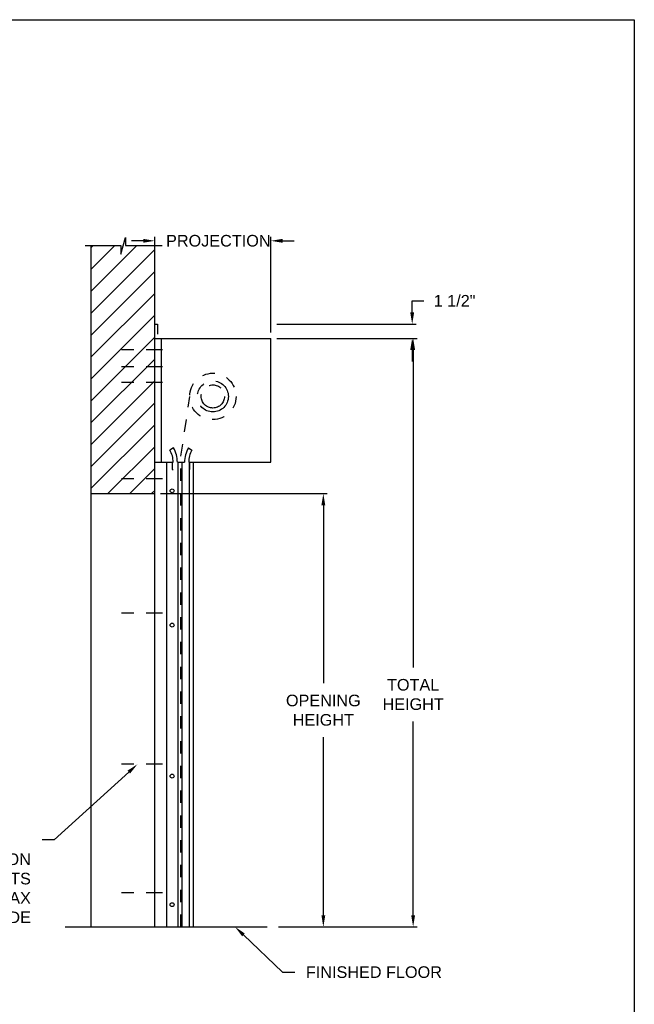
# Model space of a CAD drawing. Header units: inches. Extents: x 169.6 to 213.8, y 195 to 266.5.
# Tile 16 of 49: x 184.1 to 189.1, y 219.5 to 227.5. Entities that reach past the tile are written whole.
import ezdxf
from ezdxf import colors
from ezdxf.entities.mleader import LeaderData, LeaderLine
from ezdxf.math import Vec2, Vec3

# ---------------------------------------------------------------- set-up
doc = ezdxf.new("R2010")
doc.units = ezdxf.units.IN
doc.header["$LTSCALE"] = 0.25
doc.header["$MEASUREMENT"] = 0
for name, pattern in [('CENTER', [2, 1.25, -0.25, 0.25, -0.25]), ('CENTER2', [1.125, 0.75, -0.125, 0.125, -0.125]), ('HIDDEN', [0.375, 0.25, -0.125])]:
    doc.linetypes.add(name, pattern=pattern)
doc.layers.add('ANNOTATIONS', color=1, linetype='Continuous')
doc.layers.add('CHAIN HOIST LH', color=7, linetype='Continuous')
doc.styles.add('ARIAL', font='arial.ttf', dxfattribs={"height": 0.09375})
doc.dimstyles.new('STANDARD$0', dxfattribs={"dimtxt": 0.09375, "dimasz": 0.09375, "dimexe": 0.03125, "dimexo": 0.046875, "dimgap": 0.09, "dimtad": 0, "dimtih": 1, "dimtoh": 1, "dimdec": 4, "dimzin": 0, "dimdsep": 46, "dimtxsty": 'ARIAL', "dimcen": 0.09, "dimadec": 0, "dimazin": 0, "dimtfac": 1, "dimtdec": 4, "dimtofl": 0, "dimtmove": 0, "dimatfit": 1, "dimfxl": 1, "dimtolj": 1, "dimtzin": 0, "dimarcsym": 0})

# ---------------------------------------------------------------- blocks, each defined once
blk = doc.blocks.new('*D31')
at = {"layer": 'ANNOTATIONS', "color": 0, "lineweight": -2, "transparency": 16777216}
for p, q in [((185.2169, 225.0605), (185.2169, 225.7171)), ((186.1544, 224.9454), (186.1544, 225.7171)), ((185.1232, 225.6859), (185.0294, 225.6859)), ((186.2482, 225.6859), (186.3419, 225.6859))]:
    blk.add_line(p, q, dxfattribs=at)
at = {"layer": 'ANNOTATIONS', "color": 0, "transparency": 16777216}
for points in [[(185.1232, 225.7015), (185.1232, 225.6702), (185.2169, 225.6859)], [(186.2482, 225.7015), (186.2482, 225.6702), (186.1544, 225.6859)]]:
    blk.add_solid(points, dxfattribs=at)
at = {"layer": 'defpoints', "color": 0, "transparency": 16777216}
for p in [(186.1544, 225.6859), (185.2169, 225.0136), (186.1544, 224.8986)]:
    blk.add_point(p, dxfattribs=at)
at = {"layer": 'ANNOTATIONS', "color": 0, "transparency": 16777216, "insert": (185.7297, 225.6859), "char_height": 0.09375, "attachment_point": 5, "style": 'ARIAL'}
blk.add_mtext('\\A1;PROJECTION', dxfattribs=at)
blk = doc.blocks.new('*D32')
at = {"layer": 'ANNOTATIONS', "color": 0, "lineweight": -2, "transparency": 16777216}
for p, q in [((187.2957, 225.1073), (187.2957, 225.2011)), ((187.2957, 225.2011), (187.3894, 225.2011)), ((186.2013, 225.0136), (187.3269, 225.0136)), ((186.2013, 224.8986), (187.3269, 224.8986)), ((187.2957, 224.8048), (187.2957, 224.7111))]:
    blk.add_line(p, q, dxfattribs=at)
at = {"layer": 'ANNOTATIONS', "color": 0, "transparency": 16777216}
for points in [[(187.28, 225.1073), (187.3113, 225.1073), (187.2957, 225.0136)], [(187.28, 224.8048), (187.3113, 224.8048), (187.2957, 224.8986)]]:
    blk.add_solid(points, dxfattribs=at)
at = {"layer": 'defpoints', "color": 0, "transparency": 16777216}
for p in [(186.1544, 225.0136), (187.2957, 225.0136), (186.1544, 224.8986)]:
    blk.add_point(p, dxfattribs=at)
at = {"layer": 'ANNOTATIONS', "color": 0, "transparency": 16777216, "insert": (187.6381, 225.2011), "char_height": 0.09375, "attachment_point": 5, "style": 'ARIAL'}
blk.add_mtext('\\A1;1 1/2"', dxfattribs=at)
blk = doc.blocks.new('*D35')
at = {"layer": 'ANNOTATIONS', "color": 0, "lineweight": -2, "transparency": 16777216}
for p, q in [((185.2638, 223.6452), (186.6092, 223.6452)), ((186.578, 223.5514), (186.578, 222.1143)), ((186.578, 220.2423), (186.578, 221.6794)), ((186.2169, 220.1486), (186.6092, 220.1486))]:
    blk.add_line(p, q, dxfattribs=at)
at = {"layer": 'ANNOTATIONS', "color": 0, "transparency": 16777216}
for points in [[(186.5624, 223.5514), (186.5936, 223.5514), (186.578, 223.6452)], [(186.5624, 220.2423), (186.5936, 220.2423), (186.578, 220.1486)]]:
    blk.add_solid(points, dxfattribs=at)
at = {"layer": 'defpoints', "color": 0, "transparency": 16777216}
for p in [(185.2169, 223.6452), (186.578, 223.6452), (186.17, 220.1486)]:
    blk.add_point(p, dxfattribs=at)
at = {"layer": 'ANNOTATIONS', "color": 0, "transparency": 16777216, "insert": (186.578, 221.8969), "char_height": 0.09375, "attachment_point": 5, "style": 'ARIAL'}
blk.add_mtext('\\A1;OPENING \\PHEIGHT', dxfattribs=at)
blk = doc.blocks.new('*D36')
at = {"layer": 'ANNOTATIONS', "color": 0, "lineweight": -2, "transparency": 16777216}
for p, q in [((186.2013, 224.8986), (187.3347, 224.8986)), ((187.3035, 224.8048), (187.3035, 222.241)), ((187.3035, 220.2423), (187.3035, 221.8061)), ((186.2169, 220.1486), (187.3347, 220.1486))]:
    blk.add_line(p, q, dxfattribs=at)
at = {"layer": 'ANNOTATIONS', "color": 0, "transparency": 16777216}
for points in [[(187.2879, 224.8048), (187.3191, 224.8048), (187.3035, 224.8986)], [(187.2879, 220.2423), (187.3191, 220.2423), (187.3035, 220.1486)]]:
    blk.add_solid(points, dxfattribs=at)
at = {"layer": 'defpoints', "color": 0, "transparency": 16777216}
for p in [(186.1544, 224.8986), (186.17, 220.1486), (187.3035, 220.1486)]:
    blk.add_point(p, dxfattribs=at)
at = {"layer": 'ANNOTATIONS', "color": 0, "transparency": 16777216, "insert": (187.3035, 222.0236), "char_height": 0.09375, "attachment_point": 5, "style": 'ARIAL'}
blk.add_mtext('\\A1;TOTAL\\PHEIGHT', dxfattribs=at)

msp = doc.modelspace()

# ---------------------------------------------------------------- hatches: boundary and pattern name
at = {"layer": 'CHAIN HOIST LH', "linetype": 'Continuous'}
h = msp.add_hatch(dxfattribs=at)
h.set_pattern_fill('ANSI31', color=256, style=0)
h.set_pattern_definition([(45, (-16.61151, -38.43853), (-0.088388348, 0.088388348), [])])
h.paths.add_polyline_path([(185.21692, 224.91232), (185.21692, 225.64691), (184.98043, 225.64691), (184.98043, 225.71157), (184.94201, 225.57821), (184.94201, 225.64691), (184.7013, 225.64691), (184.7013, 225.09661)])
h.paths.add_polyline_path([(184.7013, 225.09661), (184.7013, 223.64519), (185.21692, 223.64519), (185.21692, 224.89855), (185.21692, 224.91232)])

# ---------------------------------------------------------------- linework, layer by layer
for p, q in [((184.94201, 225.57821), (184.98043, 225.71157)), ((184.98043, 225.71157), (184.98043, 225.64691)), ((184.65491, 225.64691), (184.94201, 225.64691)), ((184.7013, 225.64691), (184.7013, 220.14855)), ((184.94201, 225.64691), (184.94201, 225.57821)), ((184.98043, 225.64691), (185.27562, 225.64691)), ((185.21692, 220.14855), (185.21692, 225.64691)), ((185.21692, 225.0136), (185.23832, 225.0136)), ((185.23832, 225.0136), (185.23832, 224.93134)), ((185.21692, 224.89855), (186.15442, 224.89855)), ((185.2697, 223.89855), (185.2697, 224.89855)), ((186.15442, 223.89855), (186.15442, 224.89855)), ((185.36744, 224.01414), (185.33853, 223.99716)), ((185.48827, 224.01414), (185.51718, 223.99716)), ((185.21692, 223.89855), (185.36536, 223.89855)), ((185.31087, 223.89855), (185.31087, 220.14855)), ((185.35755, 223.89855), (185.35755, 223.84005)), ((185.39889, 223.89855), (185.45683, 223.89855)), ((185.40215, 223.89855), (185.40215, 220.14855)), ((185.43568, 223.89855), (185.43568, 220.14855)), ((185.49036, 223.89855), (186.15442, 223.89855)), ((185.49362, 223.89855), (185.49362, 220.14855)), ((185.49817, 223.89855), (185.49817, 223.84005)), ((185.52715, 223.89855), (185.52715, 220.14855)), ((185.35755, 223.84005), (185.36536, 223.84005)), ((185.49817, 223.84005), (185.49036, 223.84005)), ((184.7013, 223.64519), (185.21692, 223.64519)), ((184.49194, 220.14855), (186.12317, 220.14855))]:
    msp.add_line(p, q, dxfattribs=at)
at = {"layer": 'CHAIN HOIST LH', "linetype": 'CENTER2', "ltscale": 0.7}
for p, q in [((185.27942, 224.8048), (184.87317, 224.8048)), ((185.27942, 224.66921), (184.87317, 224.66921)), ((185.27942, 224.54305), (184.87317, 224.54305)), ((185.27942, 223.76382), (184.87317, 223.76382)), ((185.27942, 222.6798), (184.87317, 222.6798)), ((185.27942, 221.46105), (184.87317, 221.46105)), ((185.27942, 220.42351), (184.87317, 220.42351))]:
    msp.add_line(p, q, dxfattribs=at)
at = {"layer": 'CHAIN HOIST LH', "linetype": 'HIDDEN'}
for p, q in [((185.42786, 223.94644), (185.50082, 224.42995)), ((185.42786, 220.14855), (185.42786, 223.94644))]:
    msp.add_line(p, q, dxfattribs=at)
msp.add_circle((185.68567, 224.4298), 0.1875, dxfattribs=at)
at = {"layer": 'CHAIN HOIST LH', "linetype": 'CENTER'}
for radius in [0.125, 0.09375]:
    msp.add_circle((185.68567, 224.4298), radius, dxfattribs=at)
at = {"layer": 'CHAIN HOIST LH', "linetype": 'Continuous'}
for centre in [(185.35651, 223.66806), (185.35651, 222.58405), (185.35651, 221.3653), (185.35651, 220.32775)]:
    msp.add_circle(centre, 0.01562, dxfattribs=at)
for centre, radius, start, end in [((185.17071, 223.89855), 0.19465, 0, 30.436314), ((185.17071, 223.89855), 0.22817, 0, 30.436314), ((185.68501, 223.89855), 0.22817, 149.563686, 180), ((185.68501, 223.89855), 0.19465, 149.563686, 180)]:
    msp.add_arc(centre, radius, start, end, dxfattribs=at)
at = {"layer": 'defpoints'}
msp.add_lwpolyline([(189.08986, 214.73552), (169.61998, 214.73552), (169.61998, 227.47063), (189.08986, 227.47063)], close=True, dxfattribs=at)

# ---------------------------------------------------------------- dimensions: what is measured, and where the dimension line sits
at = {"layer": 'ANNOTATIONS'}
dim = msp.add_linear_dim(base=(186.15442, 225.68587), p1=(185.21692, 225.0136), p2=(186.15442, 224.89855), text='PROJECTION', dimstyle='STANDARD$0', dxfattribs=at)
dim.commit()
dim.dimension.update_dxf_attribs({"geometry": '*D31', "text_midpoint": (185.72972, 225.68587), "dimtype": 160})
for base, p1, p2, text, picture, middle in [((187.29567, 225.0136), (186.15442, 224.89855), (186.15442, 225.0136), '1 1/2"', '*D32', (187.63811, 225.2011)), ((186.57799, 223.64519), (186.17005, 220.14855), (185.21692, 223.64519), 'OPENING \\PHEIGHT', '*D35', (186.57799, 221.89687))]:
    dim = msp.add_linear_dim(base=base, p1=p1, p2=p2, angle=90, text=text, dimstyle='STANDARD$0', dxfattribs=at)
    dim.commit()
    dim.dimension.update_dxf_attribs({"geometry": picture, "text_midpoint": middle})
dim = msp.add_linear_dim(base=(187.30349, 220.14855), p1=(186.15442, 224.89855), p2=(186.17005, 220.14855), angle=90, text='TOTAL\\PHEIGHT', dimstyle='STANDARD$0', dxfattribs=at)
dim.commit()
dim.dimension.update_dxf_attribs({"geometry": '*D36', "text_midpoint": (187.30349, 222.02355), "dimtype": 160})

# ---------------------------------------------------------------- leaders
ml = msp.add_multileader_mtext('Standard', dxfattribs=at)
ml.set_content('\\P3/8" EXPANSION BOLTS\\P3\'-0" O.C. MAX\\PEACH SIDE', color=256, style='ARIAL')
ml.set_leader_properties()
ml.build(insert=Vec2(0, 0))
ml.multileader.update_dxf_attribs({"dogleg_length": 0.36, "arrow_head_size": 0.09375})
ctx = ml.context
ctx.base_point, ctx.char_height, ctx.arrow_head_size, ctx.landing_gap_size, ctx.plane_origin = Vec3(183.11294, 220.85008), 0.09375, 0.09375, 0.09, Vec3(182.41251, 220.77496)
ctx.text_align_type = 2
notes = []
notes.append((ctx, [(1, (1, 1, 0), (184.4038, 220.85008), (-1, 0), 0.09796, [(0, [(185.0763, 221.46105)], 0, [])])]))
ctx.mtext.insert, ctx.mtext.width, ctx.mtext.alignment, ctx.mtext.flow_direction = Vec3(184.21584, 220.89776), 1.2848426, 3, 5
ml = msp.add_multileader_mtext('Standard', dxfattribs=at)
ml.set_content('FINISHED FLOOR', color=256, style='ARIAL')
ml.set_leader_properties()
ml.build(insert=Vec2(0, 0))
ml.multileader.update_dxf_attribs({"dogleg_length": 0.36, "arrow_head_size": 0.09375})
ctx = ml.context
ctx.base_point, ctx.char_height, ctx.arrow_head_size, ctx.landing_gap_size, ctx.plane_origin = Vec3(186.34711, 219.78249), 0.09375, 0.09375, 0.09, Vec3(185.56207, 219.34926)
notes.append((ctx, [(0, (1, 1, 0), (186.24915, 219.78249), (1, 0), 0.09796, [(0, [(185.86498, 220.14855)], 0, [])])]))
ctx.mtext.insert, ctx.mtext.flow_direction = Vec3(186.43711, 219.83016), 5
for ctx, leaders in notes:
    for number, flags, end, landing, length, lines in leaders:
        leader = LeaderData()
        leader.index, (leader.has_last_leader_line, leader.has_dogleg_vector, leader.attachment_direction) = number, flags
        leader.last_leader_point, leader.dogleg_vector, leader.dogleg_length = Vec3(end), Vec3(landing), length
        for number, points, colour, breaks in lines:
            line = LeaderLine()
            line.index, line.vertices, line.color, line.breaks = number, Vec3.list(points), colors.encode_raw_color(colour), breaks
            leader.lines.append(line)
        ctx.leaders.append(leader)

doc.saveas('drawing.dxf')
---
» **WORK ORDER**
For this answer, return word for word the lines from the first line of the records through the line containing "from ezdxf import colors". Omit the pictures.

» **RESPONSE AREA**
# Model space of a CAD drawing. Header units: inches. Extents: x 169.6 to 213.8, y 195 to 266.5.
# Tile 16 of 49: x 184.1 to 189.1, y 219.5 to 227.5. Entities that reach past the tile are written whole.
import ezdxf
from ezdxf import colors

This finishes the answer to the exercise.